Fast radio bursts (FRBs) are intense flashes of radio light that last for only a fraction of a second. They are likely caused by the intense magnetic fields of a magnetar, which is a highly magnetic neutron star. Beyond that, FRBs remain a bit of a mystery. We know that most of them originate from outside our galaxy, though the few that have occurred within our galaxy have allowed us to pin the source on neutron stars. We also know that some of them repeat, meaning that FRBs can’t be caused by a cataclysmic event such as a supernova. Thanks to one repeating FRB, we now know something new about them.
In a new study published in The Astrophysical Journal Letters, astronomers looked at FRB 20240209A, which was first observed by the CHIME radio telescope in February 2024. The FRB happened to be a repeater and was observed 21 times between February and June. Because it kept repeating, the team was able to observe six of the FRB events from a smaller, companion observatory 60 kilometers away. This allowed the team to pinpoint the source even though it was two billion light-years away.

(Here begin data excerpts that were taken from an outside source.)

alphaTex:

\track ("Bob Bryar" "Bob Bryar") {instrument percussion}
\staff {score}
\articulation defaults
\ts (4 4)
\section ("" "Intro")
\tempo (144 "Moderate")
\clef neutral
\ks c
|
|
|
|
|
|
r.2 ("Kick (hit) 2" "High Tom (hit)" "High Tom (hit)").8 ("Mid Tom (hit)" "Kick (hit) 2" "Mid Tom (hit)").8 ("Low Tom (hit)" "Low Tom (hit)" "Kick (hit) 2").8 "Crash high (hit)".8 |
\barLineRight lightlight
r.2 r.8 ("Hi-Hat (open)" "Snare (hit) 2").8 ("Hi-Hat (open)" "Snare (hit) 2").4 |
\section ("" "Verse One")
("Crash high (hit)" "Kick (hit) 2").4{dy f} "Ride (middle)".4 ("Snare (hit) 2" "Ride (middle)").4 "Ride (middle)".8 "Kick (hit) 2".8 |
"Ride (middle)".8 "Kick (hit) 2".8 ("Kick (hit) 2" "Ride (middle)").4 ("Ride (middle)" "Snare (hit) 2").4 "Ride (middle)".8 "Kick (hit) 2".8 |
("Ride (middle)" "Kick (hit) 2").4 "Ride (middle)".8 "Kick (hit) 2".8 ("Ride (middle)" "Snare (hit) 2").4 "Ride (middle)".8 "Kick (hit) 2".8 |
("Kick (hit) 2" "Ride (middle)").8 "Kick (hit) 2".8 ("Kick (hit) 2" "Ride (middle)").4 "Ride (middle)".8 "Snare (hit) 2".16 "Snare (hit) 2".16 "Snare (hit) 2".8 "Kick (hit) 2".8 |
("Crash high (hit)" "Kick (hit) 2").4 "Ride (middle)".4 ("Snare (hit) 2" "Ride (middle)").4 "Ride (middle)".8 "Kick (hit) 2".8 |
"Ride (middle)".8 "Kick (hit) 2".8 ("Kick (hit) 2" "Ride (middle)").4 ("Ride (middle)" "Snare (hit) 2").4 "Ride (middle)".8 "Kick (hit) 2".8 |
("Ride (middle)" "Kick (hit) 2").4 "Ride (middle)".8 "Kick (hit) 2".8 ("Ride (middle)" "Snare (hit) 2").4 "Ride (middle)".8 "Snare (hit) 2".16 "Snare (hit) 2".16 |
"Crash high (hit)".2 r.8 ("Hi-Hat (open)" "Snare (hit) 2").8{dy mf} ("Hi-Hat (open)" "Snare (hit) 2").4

They found a couple of unusual things. The first is that the FRB originated from the edge region of a galaxy. Most FRBs occur in the more central region of a galaxy because that’s where stars form and therefore where you’re more likely to find neutron stars. The second was that this particular galaxy is more than 11 billion years old, and is well past its star-forming period. What’s surprising about that is that neutron stars are the remnants of massive stars that die as supernovae. Large stars have cosmically short lifetimes, so the fact that this FRB occurred in an old, long-dead galaxy means that the neutron star that generated it must also be old.
The general reasoning was that FRBs are caused by young magnetars. The thought is that they could be caused by magnetic flares, similar to solar flares of the Sun. But since neutron stars can’t generate new heat, they cool and become inactive over time. So we shouldn’t see old neutron stars generating FRBs. This study proves that old stars can create FRBs.
One explanation for this is that the FRB might have occurred not within the galactic edge itself, but rather in a dense globular cluster orbiting at the edge of the galaxy. The galaxy is too far away for us to distinguish between these two options, but globular clusters are known to have numerous stellar mergers. One possibility is that this repeating FRB was caused by merging magnetars. As their magnetic fields merged and realigned, bursts of radio energy were released to create the FRB.
It will take more observations to be sure, but it is now clear that the astrophysical processes that create FRBs are more diverse than we thought.
Reference: Eftekhari, T., et al. “The Massive and Quiescent Elliptical Host Galaxy of the Repeating Fast Radio Burst FRB 20240209A.” The Astrophysical Journal Letters 979.2 (2025): L22.